_ASSIGNED TASK:_ The response should be an exact copy of the records, with the pictures removed.

(Dataset entries)
* * * * *
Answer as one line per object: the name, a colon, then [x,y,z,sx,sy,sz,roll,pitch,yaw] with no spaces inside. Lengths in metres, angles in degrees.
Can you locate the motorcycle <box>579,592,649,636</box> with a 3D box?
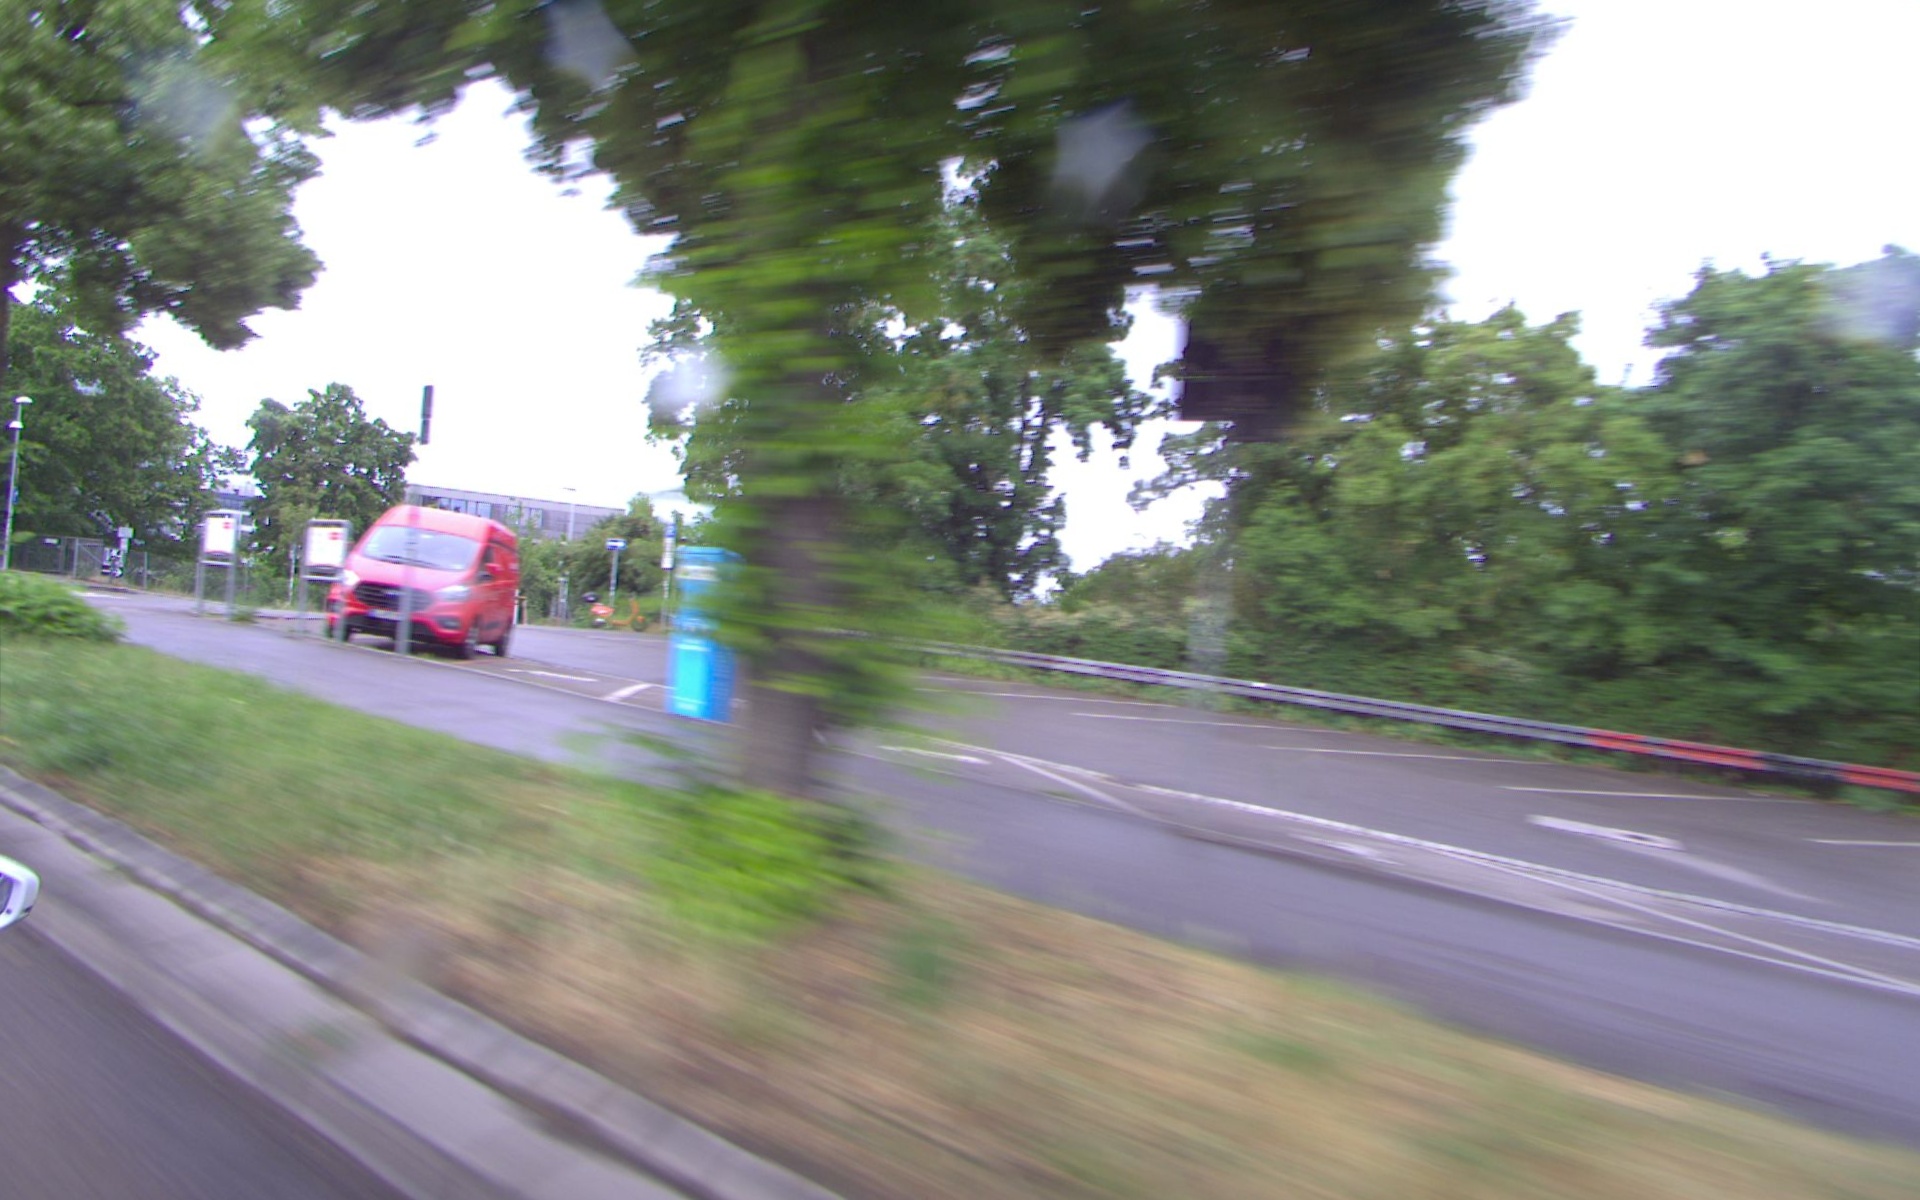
motorcycle: [-10.664,0.434,31.036,1.994,1.226,0.472,3,-5,-20]

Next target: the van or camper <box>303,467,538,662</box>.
van or camper: [-8.679,-0.368,16.824,2.011,2.430,5.382,9,-5,-15]
* * * * *
_RESULT OF THIS TASK:_
Answer as one line per object: the name, a colon, then [x,y,z,sx,sy,sz,roll,pitch,yaw] with no spaces inside. Lengths in metres, angles in degrees.
Can you locate the motorcycle <box>579,592,649,636</box> with a 3D box?
motorcycle: [-10.664,0.434,31.036,1.994,1.226,0.472,3,-5,-20]

Next target: the van or camper <box>303,467,538,662</box>.
van or camper: [-8.679,-0.368,16.824,2.011,2.430,5.382,9,-5,-15]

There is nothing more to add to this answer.